#### Problem details
A faithful transcription is wanted of the lines from the top of the material through the line that holds "Answer: C. Ashwagandha", both ends included, leaving out the pictures.

#### Provided data
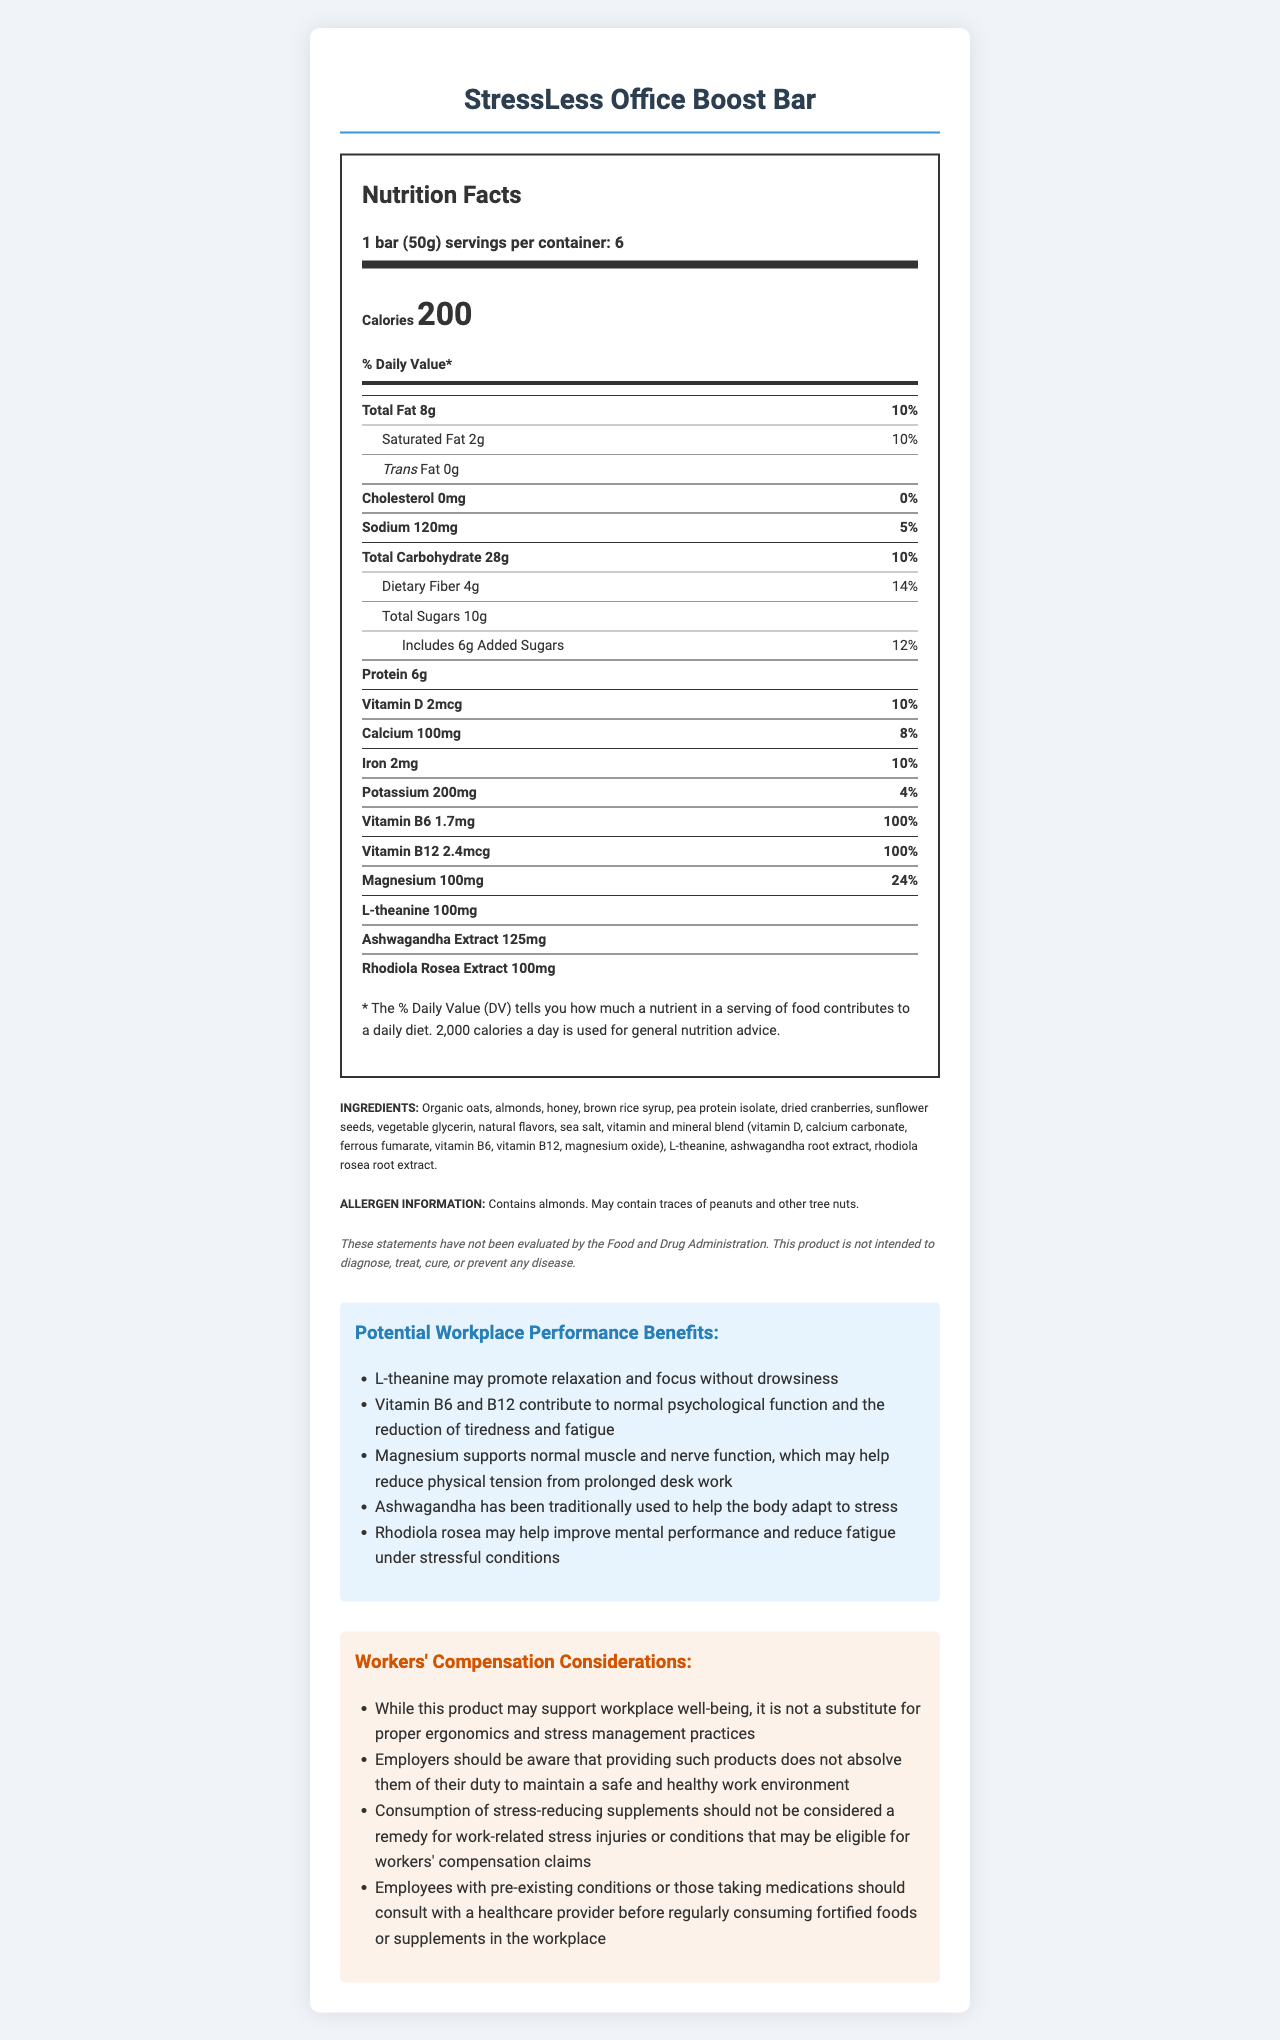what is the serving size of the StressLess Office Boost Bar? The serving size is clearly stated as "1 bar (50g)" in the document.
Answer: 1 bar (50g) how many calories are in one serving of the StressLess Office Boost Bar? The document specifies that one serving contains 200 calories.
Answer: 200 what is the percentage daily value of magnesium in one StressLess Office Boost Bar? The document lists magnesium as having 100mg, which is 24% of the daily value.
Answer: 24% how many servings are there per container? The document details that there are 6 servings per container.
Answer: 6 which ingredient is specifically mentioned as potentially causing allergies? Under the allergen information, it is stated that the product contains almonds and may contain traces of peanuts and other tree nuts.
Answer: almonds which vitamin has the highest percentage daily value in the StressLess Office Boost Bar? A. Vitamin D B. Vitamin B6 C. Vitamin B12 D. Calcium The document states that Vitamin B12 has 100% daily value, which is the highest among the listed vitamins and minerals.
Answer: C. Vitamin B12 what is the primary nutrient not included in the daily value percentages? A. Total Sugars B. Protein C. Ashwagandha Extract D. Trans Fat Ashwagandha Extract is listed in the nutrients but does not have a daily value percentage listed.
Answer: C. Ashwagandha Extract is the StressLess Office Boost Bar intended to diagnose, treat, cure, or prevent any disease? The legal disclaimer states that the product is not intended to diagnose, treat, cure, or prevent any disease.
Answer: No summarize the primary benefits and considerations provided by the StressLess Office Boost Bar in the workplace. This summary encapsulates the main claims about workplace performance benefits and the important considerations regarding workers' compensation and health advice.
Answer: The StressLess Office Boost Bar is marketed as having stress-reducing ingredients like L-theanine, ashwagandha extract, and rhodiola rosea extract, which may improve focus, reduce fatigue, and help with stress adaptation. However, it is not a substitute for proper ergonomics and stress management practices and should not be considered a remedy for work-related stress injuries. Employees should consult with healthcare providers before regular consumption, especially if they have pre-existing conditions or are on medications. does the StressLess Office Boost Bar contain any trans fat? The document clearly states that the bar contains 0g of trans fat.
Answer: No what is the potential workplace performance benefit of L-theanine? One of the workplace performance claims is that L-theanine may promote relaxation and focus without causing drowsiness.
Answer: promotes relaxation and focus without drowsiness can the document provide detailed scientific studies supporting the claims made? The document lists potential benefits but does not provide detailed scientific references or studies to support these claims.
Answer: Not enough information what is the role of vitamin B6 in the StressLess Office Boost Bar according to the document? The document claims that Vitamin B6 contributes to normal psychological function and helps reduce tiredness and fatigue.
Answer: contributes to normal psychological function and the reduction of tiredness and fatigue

#### Answer for this exercise
what is the serving size of the StressLess Office Boost Bar? The serving size is clearly stated as "1 bar (50g)" in the document.
Answer: 1 bar (50g) how many calories are in one serving of the StressLess Office Boost Bar? The document specifies that one serving contains 200 calories.
Answer: 200 what is the percentage daily value of magnesium in one StressLess Office Boost Bar? The document lists magnesium as having 100mg, which is 24% of the daily value.
Answer: 24% how many servings are there per container? The document details that there are 6 servings per container.
Answer: 6 which ingredient is specifically mentioned as potentially causing allergies? Under the allergen information, it is stated that the product contains almonds and may contain traces of peanuts and other tree nuts.
Answer: almonds which vitamin has the highest percentage daily value in the StressLess Office Boost Bar? A. Vitamin D B. Vitamin B6 C. Vitamin B12 D. Calcium The document states that Vitamin B12 has 100% daily value, which is the highest among the listed vitamins and minerals.
Answer: C. Vitamin B12 what is the primary nutrient not included in the daily value percentages? A. Total Sugars B. Protein C. Ashwagandha Extract D. Trans Fat Ashwagandha Extract is listed in the nutrients but does not have a daily value percentage listed.
Answer: C. Ashwagandha Extract is the StressLess Office Boost Bar intended to diagnose, treat, cure, or prevent any disease? The legal disclaimer states that the product is not intended to diagnose, treat, cure, or prevent any disease.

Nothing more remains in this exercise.